Berlin‘s got a soft spot for Ente. Back home it was an expensive choice or not one at all, but here in the German capital duck makes it way into all sorts of dishes – from red and yellow curries to the ubiquitous China Box. There’s one type however that you won’t find so easily: the world-renowned yet Berlin-elusive Peking Ente.
I’m slowly reconciling with Berlin’s lack of a Chinatown as I continue to find gems in Charlottenburg’s Kantstraße area. First was Aroma, now my dim sum destination. Then there was Lon-Men’s Noodle House, now spicy beef noodle soup central. Then upon an invitation from friends came Good Friends, a Chinese restaurant they’ve described as the ultimate spot for a good Peking duck dinner.
Used to the sights and smells of New York and Boston’s Chinatowns, I was expecting the usual display of hanging roasted ducks and their mouthwatering aromas to greet me, but there’s none of that at Good Friends. In fact, Peking duck is nowhere to be found on their menu. A friend had to call in a few days in advance to reserve and pay a 20 EUR deposit – that’s right, a deposit – for a roasted duck. The thought of ordering a dish from a secret menu was exciting, but never have I gone through such hoops to have dinner. Duck preparation seems straightforward: roast it, slice into chopstick-friendly portions, serve with sauce. False. Turns out, Good Friends serves Peking duck the traditional way – a three-course (well, four) meal that starts with the most flavorful, prized part: the skin.

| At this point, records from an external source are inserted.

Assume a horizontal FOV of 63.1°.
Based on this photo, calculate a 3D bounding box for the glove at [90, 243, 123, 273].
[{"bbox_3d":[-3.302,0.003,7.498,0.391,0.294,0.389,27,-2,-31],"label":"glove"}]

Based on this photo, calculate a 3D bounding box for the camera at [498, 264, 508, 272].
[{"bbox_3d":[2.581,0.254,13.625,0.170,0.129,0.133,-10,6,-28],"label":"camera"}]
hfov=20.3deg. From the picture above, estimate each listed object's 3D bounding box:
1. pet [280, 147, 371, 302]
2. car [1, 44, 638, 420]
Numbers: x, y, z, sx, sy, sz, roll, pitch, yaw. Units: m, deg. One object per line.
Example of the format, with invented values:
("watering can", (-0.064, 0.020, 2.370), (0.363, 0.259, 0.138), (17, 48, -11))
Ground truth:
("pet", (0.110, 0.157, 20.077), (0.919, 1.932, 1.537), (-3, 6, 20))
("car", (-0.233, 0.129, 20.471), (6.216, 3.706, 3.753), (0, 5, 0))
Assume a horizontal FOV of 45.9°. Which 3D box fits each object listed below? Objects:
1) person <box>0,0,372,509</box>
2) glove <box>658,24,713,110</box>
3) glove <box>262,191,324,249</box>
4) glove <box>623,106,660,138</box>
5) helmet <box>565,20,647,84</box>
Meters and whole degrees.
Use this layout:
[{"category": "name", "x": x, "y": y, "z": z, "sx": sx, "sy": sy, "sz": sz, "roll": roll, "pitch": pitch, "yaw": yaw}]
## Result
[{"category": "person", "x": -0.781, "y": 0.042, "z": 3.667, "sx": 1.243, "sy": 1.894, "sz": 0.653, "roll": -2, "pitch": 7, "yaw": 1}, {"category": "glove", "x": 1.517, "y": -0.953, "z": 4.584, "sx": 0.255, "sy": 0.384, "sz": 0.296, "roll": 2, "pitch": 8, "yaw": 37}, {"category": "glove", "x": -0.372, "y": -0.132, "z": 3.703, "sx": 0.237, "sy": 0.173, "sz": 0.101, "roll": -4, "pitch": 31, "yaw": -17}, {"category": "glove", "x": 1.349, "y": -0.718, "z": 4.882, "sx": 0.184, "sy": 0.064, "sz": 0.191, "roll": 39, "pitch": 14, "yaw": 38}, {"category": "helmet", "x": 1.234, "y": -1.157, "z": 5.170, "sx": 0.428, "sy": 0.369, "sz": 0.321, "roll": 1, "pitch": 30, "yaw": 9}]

Authentically, the cooked Peking duck is carved in front of diners, but the Good Friends experience doesn’t go that far. Instead, the skin arrived in its crispy glory on a plate with cucumbers and pineapple slices, along with a stack of thin, steamed pancakes. And this guy, an edible swan arrangement:
The idea is to take a pancake, smear it with sweet bean sauce, then wrap it around a piece of duck skin and whatever vegetables you like until you’ve got something like this:
This course was undoubtedly the best. I may have loaded up on the sauce and doubled up on the skin, because each bite struck the right balance of sweet and salty, a harmonious play between the duck and the sauce as the vegetables cleansed the palate. Needless to say, there was not a single piece of duck skin, pancake, or vegetable left after the first round. Shortly after came the bulk of our duck in a vegetable stir-fry served with steamed white rice, which was delicious but nowhere as novel as the previous course.
The anomaly in our meal was definitely the third course, which not only arrived much later (night had already fallen upon us) but also seemed a bit misplaced: a clear broth soup with the remaining duck meat, mushrooms and vegetables. The soup was tasty, but at this point we were stuffed to the gills. In retrospect, maybe the serving order is strategic, ending (traditionally) with soup to soothe diners’ satisfied stomachs.
A Peking duck dinner would normally end here, but in a Western twist of events we were served a non-duck based dessert: deep-fried banana and pineapple served with honey. Simple and light, but it hit the spot.
A four-course Peking duck meal at Good Friends costs 88 EUR, but it can easily satisfy a group of five and satiate a group of four, as was our case. With two glasses of wine, my tab ran up to 30 EUR but it was worth it, just for the first course alone. It sure isn’t something for the everyday, but rather an indulgence that’s a comforting U7 ride away.
Tip: Reserve your Peking Ente two to three days in advance. A 20 EUR deposit is required, which must be paid at least a day before your reservation.